A minissérie conta ainda com um emocionante depoimento de Bethânia – que teve um desentendimento com Gal e não fala com ela desde 2012, mas foi a primeira a confirmar sua participação –, afirmando que a conterrânea é “a maior cantora do Brasil”. E traz trechos inéditos de uma autobiografia que a cantora começou a escrever e nunca publicou. “Eu fiquei surpresa com o conteúdo dos textos, muito bem escritos e embasados. Não imaginava que a Gal escrevesse dessa forma”, admite Dandara.

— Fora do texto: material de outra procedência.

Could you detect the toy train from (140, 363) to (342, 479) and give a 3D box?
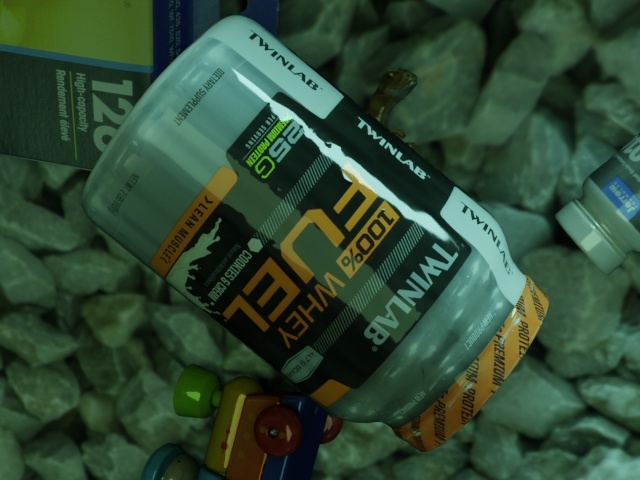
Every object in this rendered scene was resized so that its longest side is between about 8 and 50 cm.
[{"bbox_3d":[-0.061,0.138,1.048,0.143,0.105,0.248,17,95,23],"label":"toy train"}]

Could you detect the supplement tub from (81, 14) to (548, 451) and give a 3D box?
[{"bbox_3d":[0.000,0.000,0.904,0.316,0.193,0.193,38,101,-2],"label":"supplement tub"}]

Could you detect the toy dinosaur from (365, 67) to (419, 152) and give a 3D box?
[{"bbox_3d":[0.016,-0.050,1.030,0.211,0.064,0.112,-45,77,3],"label":"toy dinosaur"}]

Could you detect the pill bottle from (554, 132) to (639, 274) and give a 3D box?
[{"bbox_3d":[0.261,-0.040,0.979,0.137,0.078,0.078,-42,90,11],"label":"pill bottle"}]

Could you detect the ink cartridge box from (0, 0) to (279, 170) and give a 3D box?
[{"bbox_3d":[-0.189,-0.194,0.965,0.307,0.072,0.303,10,126,8],"label":"ink cartridge box"}]

Para a diretora, essa perspectiva – de uma mulher contando sua própria história, por meio do olhar de outra mulher – é a grande força do programa. Não por acaso, seu episódio favorito é o segundo, sobre a fase tropicalista de Gal – não só porque incluem seus discos prediletos da cantora, mas porque é uma das primeiras vezes que se conta a história do movimento de um ponto de vista feminino.
“É uma responsabilidade muito grande contar a história de uma mulher que teve essa importância para a cultura brasileira”, reconhece. E o contato com toda essa potência se revelou contagioso: o próximo projeto de Dandara é um longa documental sobre mulheres empoderadas. “Só que desta vez, fora da música e fora das artes”, ela ri.

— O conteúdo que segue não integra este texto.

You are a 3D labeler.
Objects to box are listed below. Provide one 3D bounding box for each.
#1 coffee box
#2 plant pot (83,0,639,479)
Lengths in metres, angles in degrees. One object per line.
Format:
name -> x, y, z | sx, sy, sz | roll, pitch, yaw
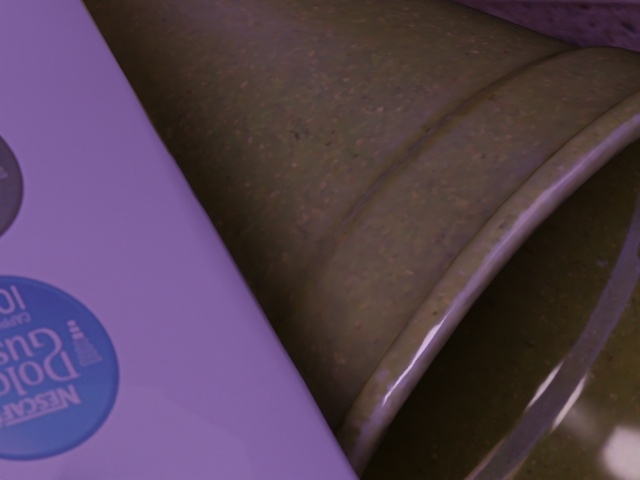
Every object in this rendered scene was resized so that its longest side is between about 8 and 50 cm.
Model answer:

Sombra do pai não incomoda diretora
FOTO: Elza Fiuza / Agência Brasil |
Dandara afirma que pai, Juca Ferreira, sonhou em ser cineasta antes de entrar na política |
Orgulhosa da trajetória do pai, Dandara Ferreira afirma não se incomodar quando alguém se refere a ela como “a filha do Juca”. Segundo ela, isso abre menos portas do que as pessoas imaginam, e ela nem se sente obrigada a provar seu talento, porque muita gente nem sabe de seu parentesco “real”. “O Caetano e Gil são amigos do meu pai, mas a Gal, por exemplo, nem conhece ele tanto assim”, afirma.
Baiana de nascimento, ela conta, ainda, que vive há 19 anos em São Paulo. E quando Juca foi nomeado como secretário da cultura da cidade, pelo ex-prefeito Fernando Haddad, a situação – na verdade – foi inversa. Formada em cinema pela conceituada FAAP e tendo trabalhado em diversas produtoras, em contato com diferentes áreas da cultura, Dandara é relativamente conhecida nos meios em que o pai circulou. “Ele me contava que todo dia encontrava alguém que dizia ‘ah, você é o pai da Dandara!”. Eu respondia ‘pois é, agora você está no meu território’”, ela brinca.